I've been looking at it the last couple of days, and thinking. My friend Dave Slusher built the first Official Nicola Griffith Website in 1995 and I started getting, and answering, questions right away. Wow. Ask Nicola questions going back thirteen years... Unfortunately, most of the stuff in the AN Archives isn't dated (much of it isn't sorted at all, just lumped in the 'Not Yet Archived' folder) but you can work out what year it is by what I'm talking about. For example, Bending the Landscape: Fantasy came out in hardcover in 1996 and in one post (scroll down) I'm talking about it 'coming out next year'. So that's a clue.

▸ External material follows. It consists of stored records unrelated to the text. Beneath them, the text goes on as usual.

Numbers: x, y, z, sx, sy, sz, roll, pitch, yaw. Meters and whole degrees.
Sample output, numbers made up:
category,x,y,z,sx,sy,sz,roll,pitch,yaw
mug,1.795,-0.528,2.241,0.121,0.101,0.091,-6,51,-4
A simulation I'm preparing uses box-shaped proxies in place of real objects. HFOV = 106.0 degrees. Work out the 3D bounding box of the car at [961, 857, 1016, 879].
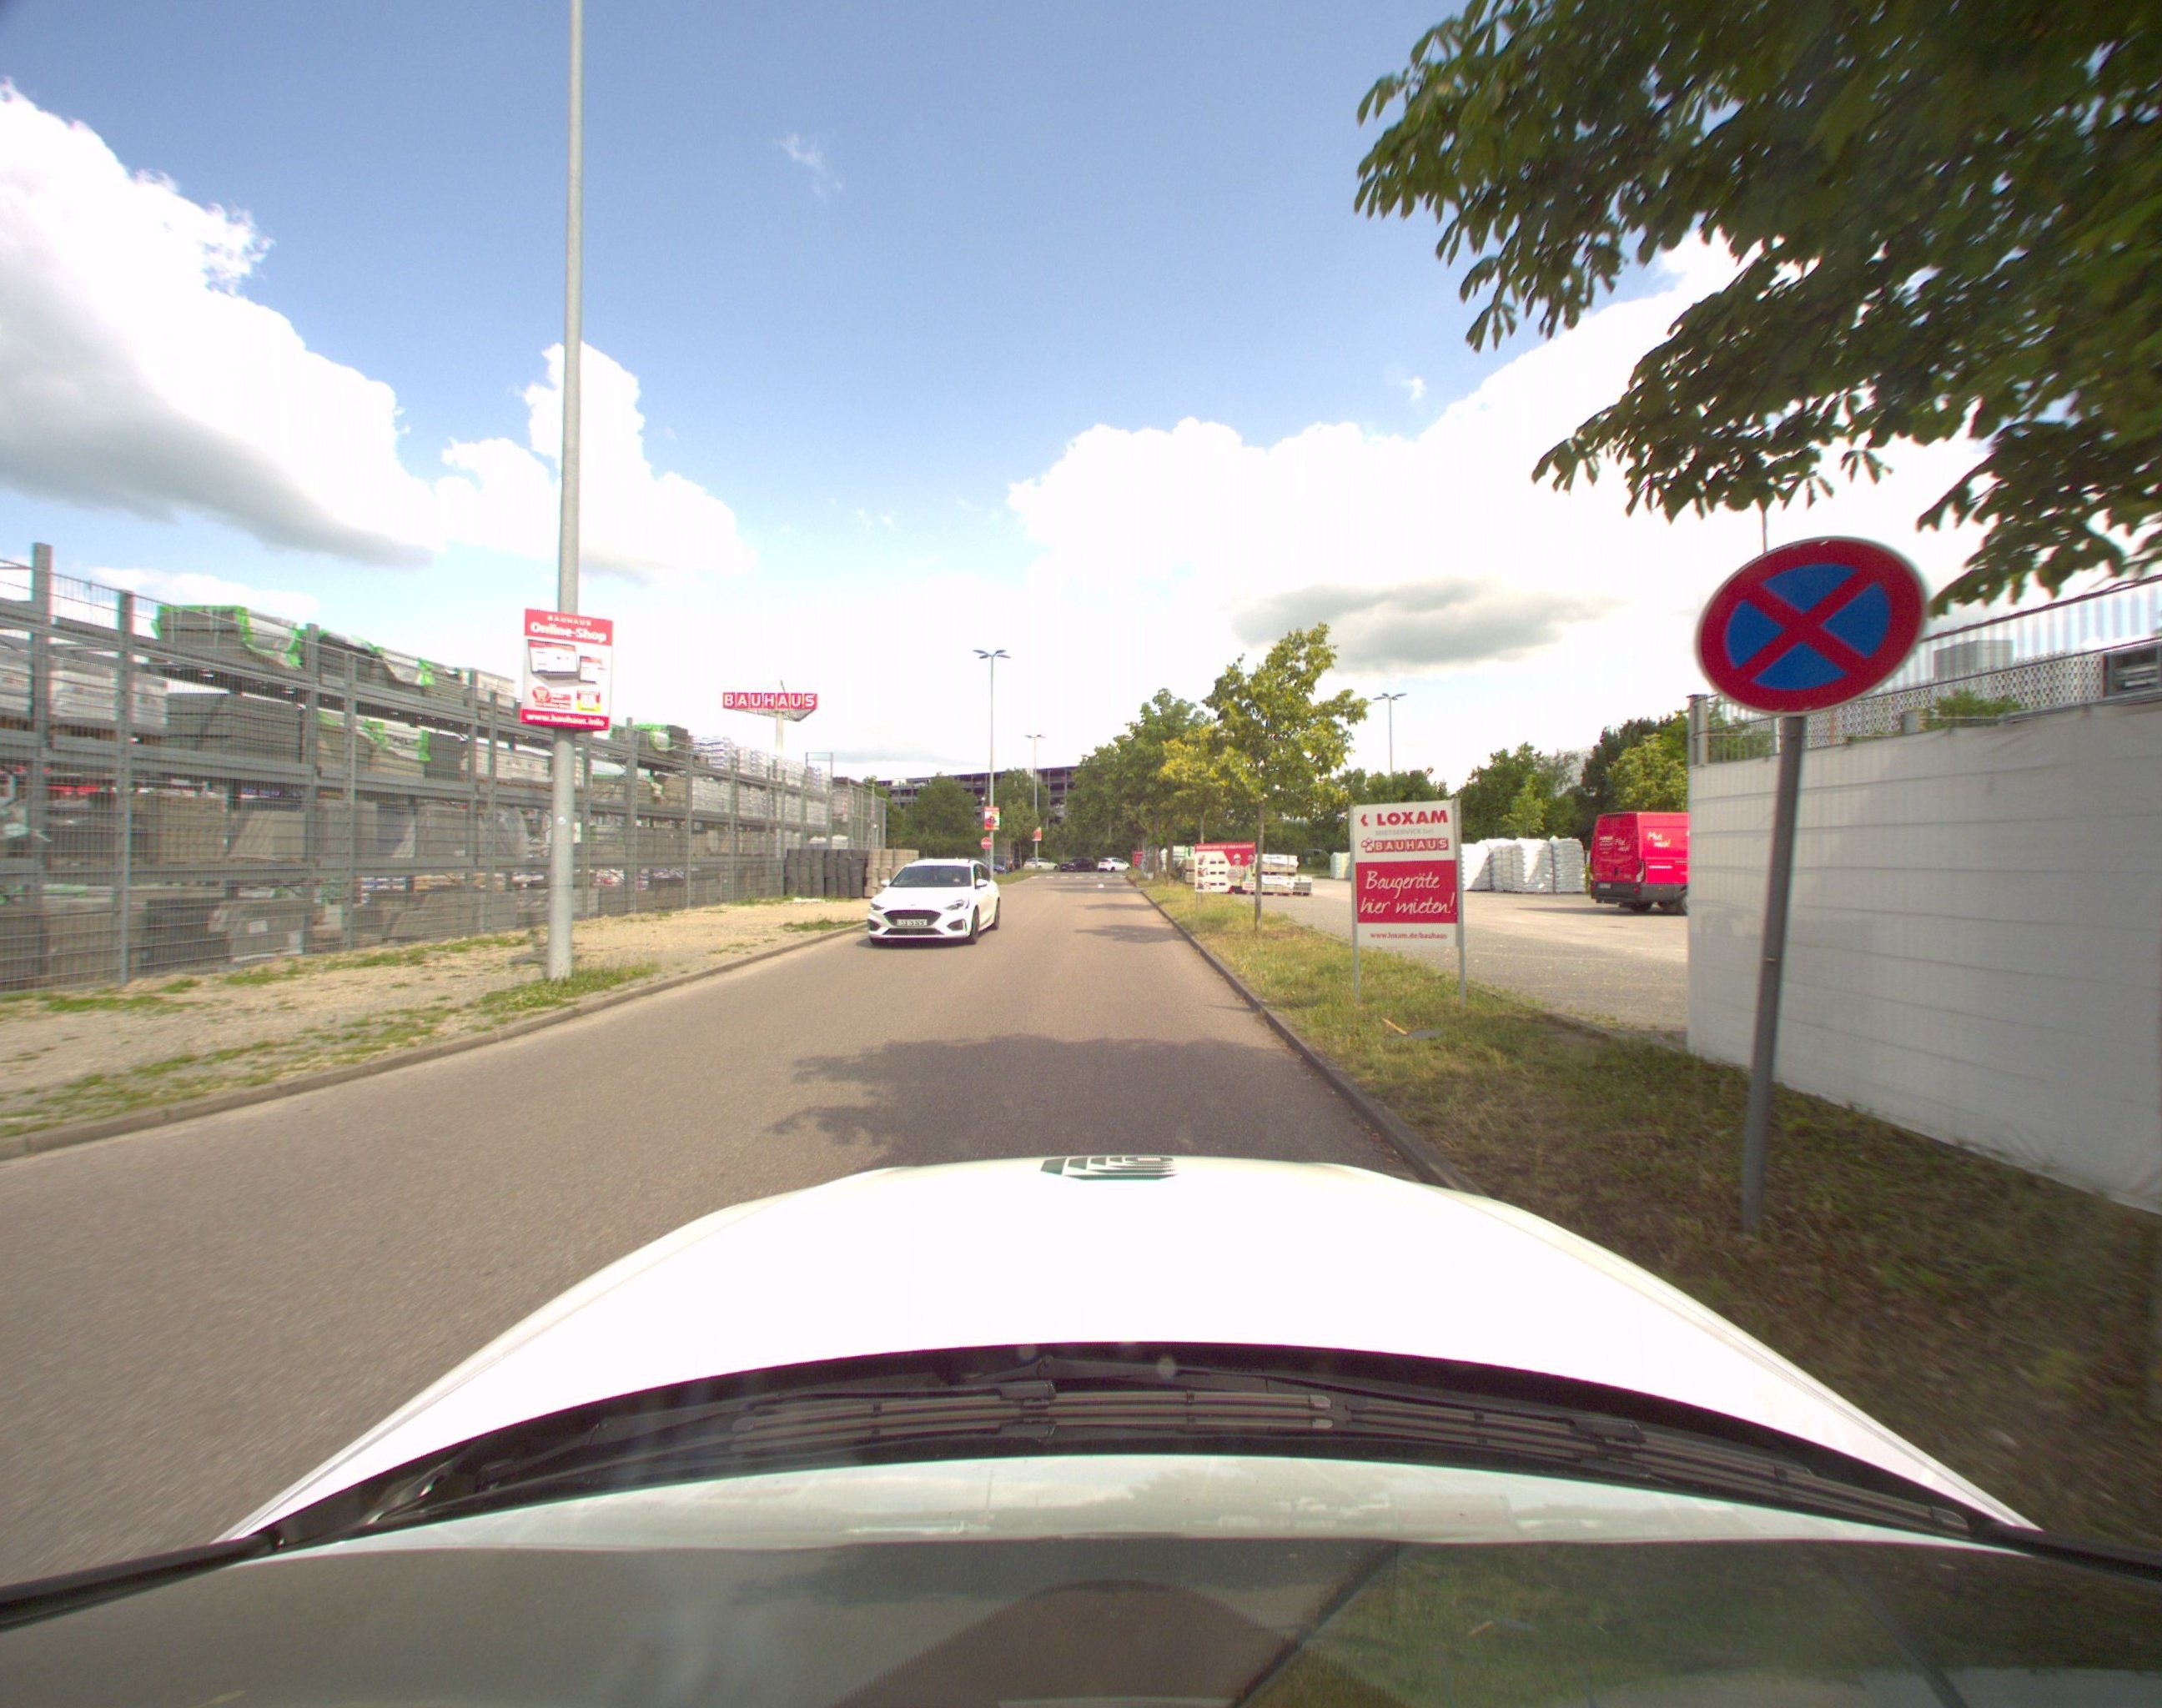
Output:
category,x,y,z,sx,sy,sz,roll,pitch,yaw
car,-7.077,1.078,62.703,3.933,1.624,1.737,0,-1,3

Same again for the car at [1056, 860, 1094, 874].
category,x,y,z,sx,sy,sz,roll,pitch,yaw
car,-0.630,1.335,83.735,1.711,1.410,4.269,0,-1,36

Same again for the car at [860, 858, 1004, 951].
category,x,y,z,sx,sy,sz,roll,pitch,yaw
car,-2.592,0.813,15.220,1.797,1.464,4.330,1,0,1

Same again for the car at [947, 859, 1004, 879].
category,x,y,z,sx,sy,sz,roll,pitch,yaw
car,-7.427,1.055,57.577,3.737,1.368,1.621,0,0,1

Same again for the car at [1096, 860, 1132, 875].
category,x,y,z,sx,sy,sz,roll,pitch,yaw
car,3.273,1.318,80.726,1.649,1.411,3.579,0,-1,40

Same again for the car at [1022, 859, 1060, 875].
category,x,y,z,sx,sy,sz,roll,pitch,yaw
car,-4.197,1.397,86.412,1.668,1.510,4.107,-5,-4,39

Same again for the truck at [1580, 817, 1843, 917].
category,x,y,z,sx,sy,sz,roll,pitch,yaw
truck,16.475,0.323,21.485,5.412,2.515,2.115,0,0,-2

I admire what Kelley is doing on her blog every Friday, but I quail at the thought of following suit. If I did three ANs a day, it would probably take years to get them all up and, well, life is too full even now. Besides, I don't even know if that's a good use of my time. What do readers hope for from a writer's site? What would you like more/less/different of? Would you rather I did new stuff or found a way to start digging out the old?
Having said that, there really is a humongous pile o' stuff over at the old Ask Nicola area of my website. But I have a search function. It doesn't seem to make sense to me to sort this stuff out when Google or Yahoo or whatever can fish out what you want whenever you want it. (My website currently uses Yahoo.)
Thoughts?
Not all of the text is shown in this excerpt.